Please note that there may not be any real change. For the moment, the work is still being done but the supply is not declared. The shift of the curve would only be the shift of the legal supply of labour.The eluded equilibrium

The government has boosted supply of legal part-time labour. The supply of full-time employment seekers remains the same. The government has increased the demand for legal full-time (almost equal to the new 32 hour week) employment of the long-term unemployed. The demand for legal part-time help has not been affected. It would be normal to indicate the supply curve and the demand curve for the long-term unemployed on the same graph. Unfortunately, our information sources are inadequate to do so with any accuracy. But the problem is more complicated than just a question of determining what levels of working man-hours are associated with different parts of the curves and where the two curves meet. This is because the people who are willing to work full-time and those willing to work part-time may not be the same and the employers willing to recruit full-time and part-time may also not be the same.

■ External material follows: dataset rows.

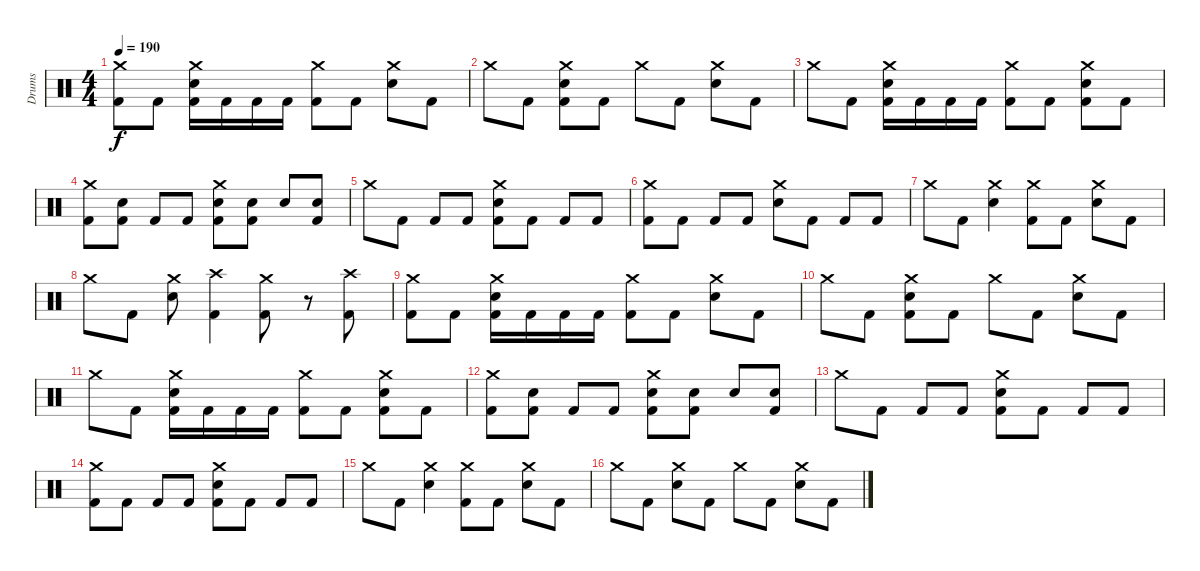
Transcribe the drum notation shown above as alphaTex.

\track ("Drums" "Drums") {instrument percussion}
\staff {score}
\articulation defaults
\ts (4 4)
\tempo 190
\clef neutral
\ks c
("Crash medium (hit)" "Kick (hit) 2").8{dy f} "Kick (hit) 2".8 ("Crash medium (hit)" "Snare (hit) 2" "Kick (hit) 2").16 "Kick (hit) 2".16 "Kick (hit) 2".16 "Kick (hit) 2".16 ("Crash medium (hit)" "Kick (hit) 2").8 "Kick (hit) 2".8 ("Crash medium (hit)" "Snare (hit) 2").8 "Kick (hit) 2".8 |
"Crash medium (hit)".8 "Kick (hit) 2".8 ("Crash medium (hit)" "Snare (hit) 2" "Kick (hit) 2").8 "Kick (hit) 2".8 "Crash medium (hit)".8 "Kick (hit) 2".8 ("Crash medium (hit)" "Snare (hit) 2").8 "Kick (hit) 2".8 |
"Crash medium (hit)".8 "Kick (hit) 2".8 ("Crash medium (hit)" "Snare (hit) 2" "Kick (hit) 2").16 "Kick (hit) 2".16 "Kick (hit) 2".16 "Kick (hit) 2".16 ("Crash medium (hit)" "Kick (hit) 2").8 "Kick (hit) 2".8 ("Crash medium (hit)" "Snare (hit) 2" "Kick (hit) 2").8 "Kick (hit) 2".8 |
("Crash medium (hit)" "Kick (hit) 2").8 ("Snare (hit) 2" "Kick (hit) 2").8 "Kick (hit) 2".8 "Kick (hit) 2".8 ("Crash medium (hit)" "Snare (hit) 2" "Kick (hit) 2").8 ("Snare (hit) 2" "Kick (hit) 2").8 "Snare (hit) 2".8 ("Snare (hit) 2" "Kick (hit) 2").8 |
"Crash medium (hit)".8 "Kick (hit) 2".8 "Kick (hit) 2".8 "Kick (hit) 2".8 ("Crash medium (hit)" "Snare (hit) 2" "Kick (hit) 2").8 "Kick (hit) 2".8 "Kick (hit) 2".8 "Kick (hit) 2".8 |
("Crash medium (hit)" "Kick (hit) 2").8 "Kick (hit) 2".8 "Kick (hit) 2".8 "Kick (hit) 2".8 ("Crash medium (hit)" "Snare (hit) 2").8 "Kick (hit) 2".8 "Kick (hit) 2".8 "Kick (hit) 2".8 |
"Crash medium (hit)".8 "Kick (hit) 2".8 ("Crash medium (hit)" "Snare (hit) 2").4 ("Crash medium (hit)" "Kick (hit) 2").8 "Kick (hit) 2".8 ("Crash medium (hit)" "Snare (hit) 2").8 "Kick (hit) 2".8 |
"Crash medium (hit)".8 "Kick (hit) 2".8 ("Crash medium (hit)" "Snare (hit) 2").8 ("Crash high (hit)" "Kick (hit) 2").4 ("Crash medium (hit)" "Kick (hit) 2").8 r.8 ("Crash high (hit)" "Kick (hit) 2").8 |
("Crash medium (hit)" "Kick (hit) 2").8 "Kick (hit) 2".8 ("Crash medium (hit)" "Snare (hit) 2" "Kick (hit) 2").16 "Kick (hit) 2".16 "Kick (hit) 2".16 "Kick (hit) 2".16 ("Crash medium (hit)" "Kick (hit) 2").8 "Kick (hit) 2".8 ("Crash medium (hit)" "Snare (hit) 2").8 "Kick (hit) 2".8 |
"Crash medium (hit)".8 "Kick (hit) 2".8 ("Crash medium (hit)" "Snare (hit) 2" "Kick (hit) 2").8 "Kick (hit) 2".8 "Crash medium (hit)".8 "Kick (hit) 2".8 ("Crash medium (hit)" "Snare (hit) 2").8 "Kick (hit) 2".8 |
"Crash medium (hit)".8 "Kick (hit) 2".8 ("Crash medium (hit)" "Snare (hit) 2" "Kick (hit) 2").16 "Kick (hit) 2".16 "Kick (hit) 2".16 "Kick (hit) 2".16 ("Crash medium (hit)" "Kick (hit) 2").8 "Kick (hit) 2".8 ("Crash medium (hit)" "Snare (hit) 2" "Kick (hit) 2").8 "Kick (hit) 2".8 |
("Crash medium (hit)" "Kick (hit) 2").8 ("Snare (hit) 2" "Kick (hit) 2").8 "Kick (hit) 2".8 "Kick (hit) 2".8 ("Crash medium (hit)" "Snare (hit) 2" "Kick (hit) 2").8 ("Snare (hit) 2" "Kick (hit) 2").8 "Snare (hit) 2".8 ("Snare (hit) 2" "Kick (hit) 2").8 |
"Crash medium (hit)".8 "Kick (hit) 2".8 "Kick (hit) 2".8 "Kick (hit) 2".8 ("Crash medium (hit)" "Snare (hit) 2" "Kick (hit) 2").8 "Kick (hit) 2".8 "Kick (hit) 2".8 "Kick (hit) 2".8 |
("Crash medium (hit)" "Kick (hit) 2").8 "Kick (hit) 2".8 "Kick (hit) 2".8 "Kick (hit) 2".8 ("Crash medium (hit)" "Snare (hit) 2" "Kick (hit) 2").8 "Kick (hit) 2".8 "Kick (hit) 2".8 "Kick (hit) 2".8 |
"Crash medium (hit)".8 "Kick (hit) 2".8 ("Crash medium (hit)" "Snare (hit) 2").4 ("Crash medium (hit)" "Kick (hit) 2").8 "Kick (hit) 2".8 ("Crash medium (hit)" "Snare (hit) 2").8 "Kick (hit) 2".8 |
"Crash medium (hit)".8 "Kick (hit) 2".8 ("Crash medium (hit)" "Snare (hit) 2").8 "Kick (hit) 2".8 "Crash medium (hit)".8 "Kick (hit) 2".8 ("Crash medium (hit)" "Snare (hit) 2").8 "Kick (hit) 2".8

If there are two different segments of the population who are looking for full-time and part-time work and two different kinds of employers looking for full-time and part-time help, the government will have managed to leave everybody frustrated. Those on the dole are now ready to work legally part-time but nobody wants them. The employers are willing to hire full-time legally but not many really want to work that much for the SMIC.

Nevertheless, what we can appreciate is that the government has taken a first step to accept the situation and, instead of moralising, is taking steps to offer a legal way out to those who still suffer from guilt.

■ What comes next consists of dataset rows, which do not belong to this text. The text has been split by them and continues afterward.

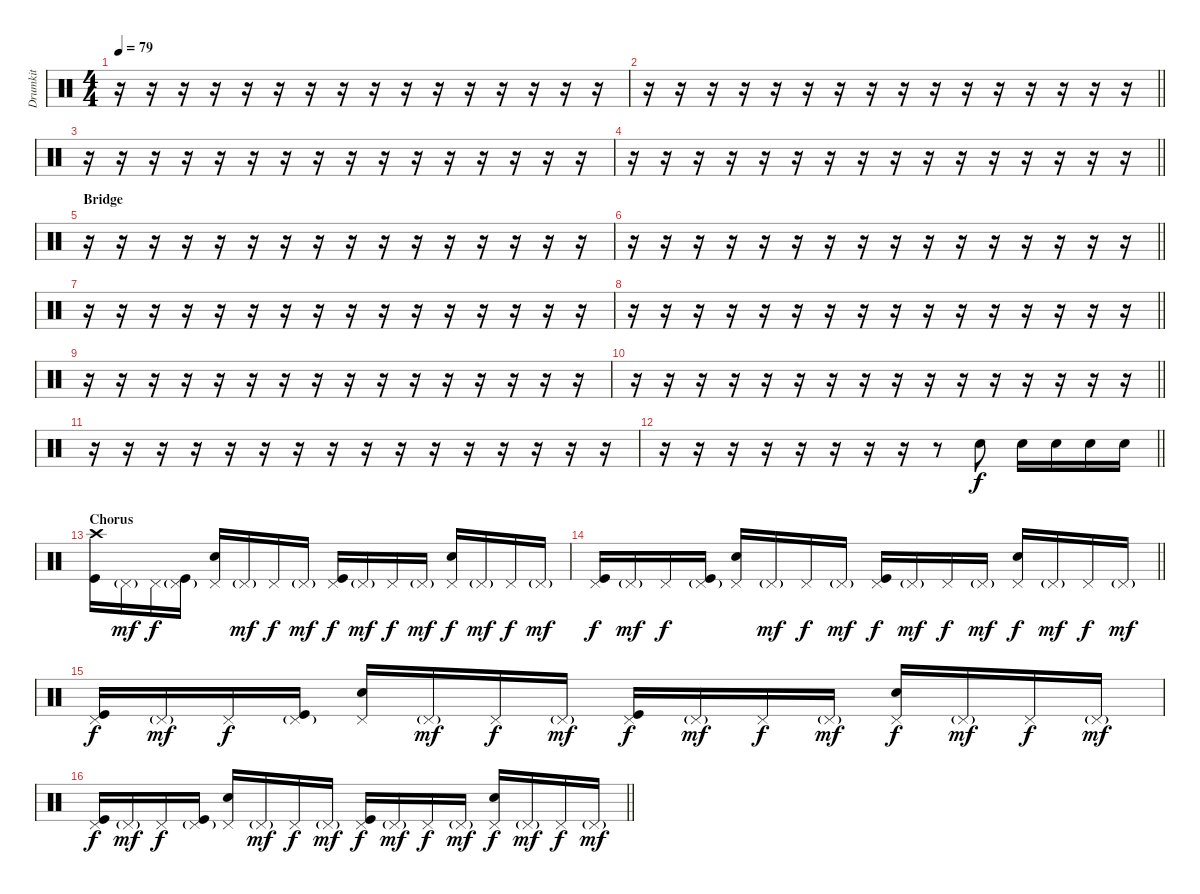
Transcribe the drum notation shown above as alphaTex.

\track ("Drumkit" "Drumkit") {instrument percussion}
\staff {score}
\articulation defaults
\ts (4 4)
\tempo 79
\clef neutral
\ks c
r.16{dy mf} r.16 r.16 r.16 r.16 r.16 r.16 r.16 r.16 r.16 r.16 r.16 r.16 r.16 r.16 r.16 |
\barLineRight lightlight
r.16 r.16 r.16 r.16 r.16 r.16 r.16 r.16 r.16 r.16 r.16 r.16 r.16 r.16 r.16 r.16 |
r.16 r.16 r.16 r.16 r.16 r.16 r.16 r.16 r.16 r.16 r.16 r.16 r.16 r.16 r.16 r.16 |
\barLineRight lightlight
r.16 r.16 r.16 r.16 r.16 r.16 r.16 r.16 r.16 r.16 r.16 r.16 r.16 r.16 r.16 r.16 |
\section ("" "Bridge")
r.16 r.16 r.16 r.16 r.16 r.16 r.16 r.16 r.16 r.16 r.16 r.16 r.16 r.16 r.16 r.16 |
\barLineRight lightlight
r.16 r.16 r.16 r.16 r.16 r.16 r.16 r.16 r.16 r.16 r.16 r.16 r.16 r.16 r.16 r.16 |
r.16 r.16 r.16 r.16 r.16 r.16 r.16 r.16 r.16 r.16 r.16 r.16 r.16 r.16 r.16 r.16 |
\barLineRight lightlight
r.16 r.16 r.16 r.16 r.16 r.16 r.16 r.16 r.16 r.16 r.16 r.16 r.16 r.16 r.16 r.16 |
r.16 r.16 r.16 r.16 r.16 r.16 r.16 r.16 r.16 r.16 r.16 r.16 r.16 r.16 r.16 r.16 |
\barLineRight lightlight
r.16 r.16 r.16 r.16 r.16 r.16 r.16 r.16 r.16 r.16 r.16 r.16 r.16 r.16 r.16 r.16 |
r.16 r.16 r.16 r.16 r.16 r.16 r.16 r.16 r.16 r.16 r.16 r.16 r.16 r.16 r.16 r.16 |
\barLineRight lightlight
r.16 r.16 r.16 r.16 r.16 r.16 r.16 r.16 r.8 "Snare (hit) 2".8{dy f} "Snare (hit) 2".16 "Snare (hit) 2".16 "Snare (hit) 2".16 "Snare (hit) 2".16 |
\section ("" "Chorus")
("Crash high (hit)" "Kick (hit)").16 "Pedal Hi-Hat (hit)"{g}.16{dy mf} "Pedal Hi-Hat (hit)".16{dy f} ("Pedal Hi-Hat (hit)"{g} "Kick (hit)").16 ("Pedal Hi-Hat (hit)" "Snare (hit) 2").16 "Pedal Hi-Hat (hit)"{g}.16{dy mf} "Pedal Hi-Hat (hit)".16{dy f} "Pedal Hi-Hat (hit)"{g}.16{dy mf} ("Pedal Hi-Hat (hit)" "Kick (hit)").16{dy f} "Pedal Hi-Hat (hit)"{g}.16{dy mf} "Pedal Hi-Hat (hit)".16{dy f} "Pedal Hi-Hat (hit)"{g}.16{dy mf} ("Pedal Hi-Hat (hit)" "Snare (hit) 2").16{dy f} "Pedal Hi-Hat (hit)"{g}.16{dy mf} "Pedal Hi-Hat (hit)".16{dy f} "Pedal Hi-Hat (hit)"{g}.16{dy mf} |
\barLineRight lightlight
("Pedal Hi-Hat (hit)" "Kick (hit)").16{dy f} "Pedal Hi-Hat (hit)"{g}.16{dy mf} "Pedal Hi-Hat (hit)".16{dy f} ("Pedal Hi-Hat (hit)"{g} "Kick (hit)").16 ("Pedal Hi-Hat (hit)" "Snare (hit) 2").16 "Pedal Hi-Hat (hit)"{g}.16{dy mf} "Pedal Hi-Hat (hit)".16{dy f} "Pedal Hi-Hat (hit)"{g}.16{dy mf} ("Pedal Hi-Hat (hit)" "Kick (hit)").16{dy f} "Pedal Hi-Hat (hit)"{g}.16{dy mf} "Pedal Hi-Hat (hit)".16{dy f} "Pedal Hi-Hat (hit)"{g}.16{dy mf} ("Pedal Hi-Hat (hit)" "Snare (hit) 2").16{dy f} "Pedal Hi-Hat (hit)"{g}.16{dy mf} "Pedal Hi-Hat (hit)".16{dy f} "Pedal Hi-Hat (hit)"{g}.16{dy mf} |
("Pedal Hi-Hat (hit)" "Kick (hit)").16{dy f} "Pedal Hi-Hat (hit)"{g}.16{dy mf} "Pedal Hi-Hat (hit)".16{dy f} ("Pedal Hi-Hat (hit)"{g} "Kick (hit)").16 ("Pedal Hi-Hat (hit)" "Snare (hit) 2").16 "Pedal Hi-Hat (hit)"{g}.16{dy mf} "Pedal Hi-Hat (hit)".16{dy f} "Pedal Hi-Hat (hit)"{g}.16{dy mf} ("Pedal Hi-Hat (hit)" "Kick (hit)").16{dy f} "Pedal Hi-Hat (hit)"{g}.16{dy mf} "Pedal Hi-Hat (hit)".16{dy f} "Pedal Hi-Hat (hit)"{g}.16{dy mf} ("Pedal Hi-Hat (hit)" "Snare (hit) 2").16{dy f} "Pedal Hi-Hat (hit)"{g}.16{dy mf} "Pedal Hi-Hat (hit)".16{dy f} "Pedal Hi-Hat (hit)"{g}.16{dy mf} |
\barLineRight lightlight
("Pedal Hi-Hat (hit)" "Kick (hit)").16{dy f} "Pedal Hi-Hat (hit)"{g}.16{dy mf} "Pedal Hi-Hat (hit)".16{dy f} ("Pedal Hi-Hat (hit)"{g} "Kick (hit)").16 ("Pedal Hi-Hat (hit)" "Snare (hit) 2").16 "Pedal Hi-Hat (hit)"{g}.16{dy mf} "Pedal Hi-Hat (hit)".16{dy f} "Pedal Hi-Hat (hit)"{g}.16{dy mf} ("Pedal Hi-Hat (hit)" "Kick (hit)").16{dy f} "Pedal Hi-Hat (hit)"{g}.16{dy mf} "Pedal Hi-Hat (hit)".16{dy f} "Pedal Hi-Hat (hit)"{g}.16{dy mf} ("Pedal Hi-Hat (hit)" "Snare (hit) 2").16{dy f} "Pedal Hi-Hat (hit)"{g}.16{dy mf} "Pedal Hi-Hat (hit)".16{dy f} "Pedal Hi-Hat (hit)"{g}.16{dy mf}

Whatever happens, more and more people will soon like to be on a permanent allowance, working when they please, whenever the dole does not satisfy their immediate needs. For this, one merely has to get fired. And anyone knows how to provoke this. Thereafter, one merely has to wait patiently. So, whether the government likes it or not, it will soon come to our notion of a resident's allowance, by whatever name called. After all, even employers would like to be insured of a fixed income. The financing of such a dole will be discussed later.